Una noticia alarmante se extendió por la corte: los caballeros Templarios iban a abandonar la fortaleza de Calatrava. Los almohades caerían sobre ella, y Toledo quedaría en peligro. Los corazones estaban amilanados.
Pero Velázquez era un héroe y su abad un santo. Después de orar largo rato, tomaron una resolución heroica: la de obligarse a defender aquel castillo que era la llave del reino. El rey se lo había ofrecido al valiente que tuviese la audacia para aguardar en él a los musulmanes. Ningún príncipe, ningún conde, ningún obispo había osado acometer tan temeraria empresa. Sólo aquellos dos monjes. Al fin, San Benito decía que su institución era una «escuela de servicio divino», y luchar con los infieles, sin duda ninguna, una forma bella de servir a Dios; y servicio de Dios era también defender a la patria en peligro. Los medios. Dios los daría, una vez que la causa era buena. Don Sancho se sonrió al ver a los futuros defensores de Calatrava; pero ganado por el optimismo de su fe, acabó por hacerles entrega del castillo y la ciudad.
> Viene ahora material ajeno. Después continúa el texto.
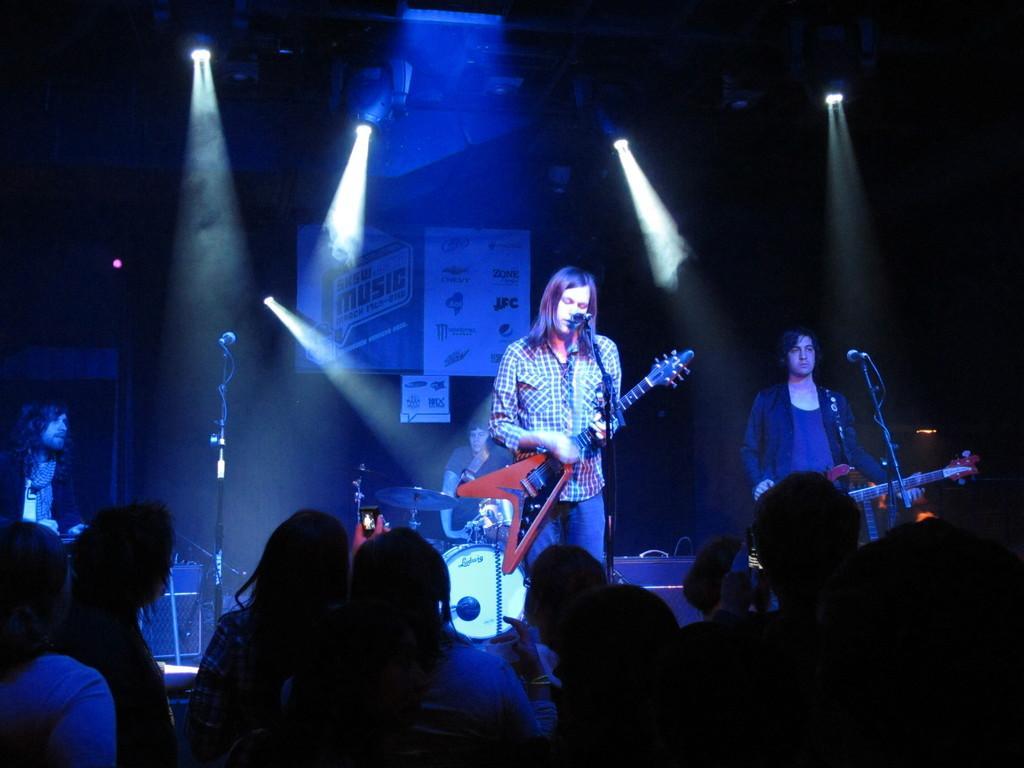Can you describe this image briefly? In this picture there is a band performing on the stage. In the foreground there are audience. At the center of the picture there are microphones, drums, cables and people playing guitar. In the background there are lights and a board. 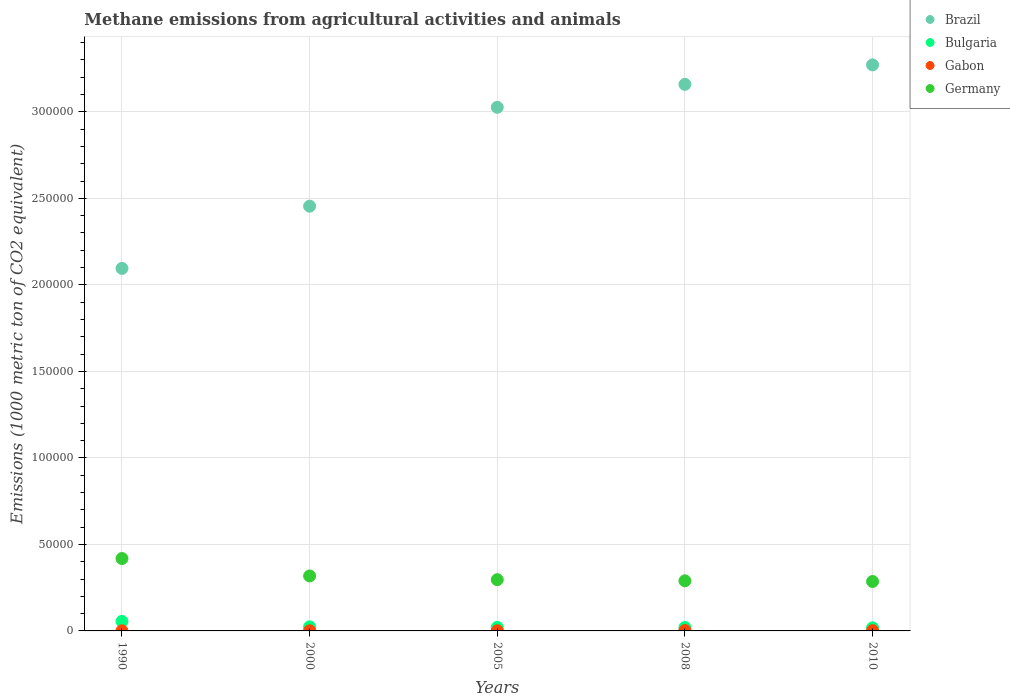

La noticia se extendió con rapidez. Los cortesanos la comentaban desfavorablemente y se burlaban de tan quijotesca aventura. En cierto modo, tenían razón. El nombre del abad Raimundo era para ellos perfectamente desconocido. Medio castellano, medio navarro, este monje era diestro en cantar salmos, no en empuñar las armas. Había pasado su juventud en el desierto. Luego, con otros anacoretas como él, había levantado el monasterio de Fitero, que estaba muy lejos del prestigio y la riqueza de las grandes abadías. «Evidentemente, esto es un disparate», decían los capitanes y hombres de guerra.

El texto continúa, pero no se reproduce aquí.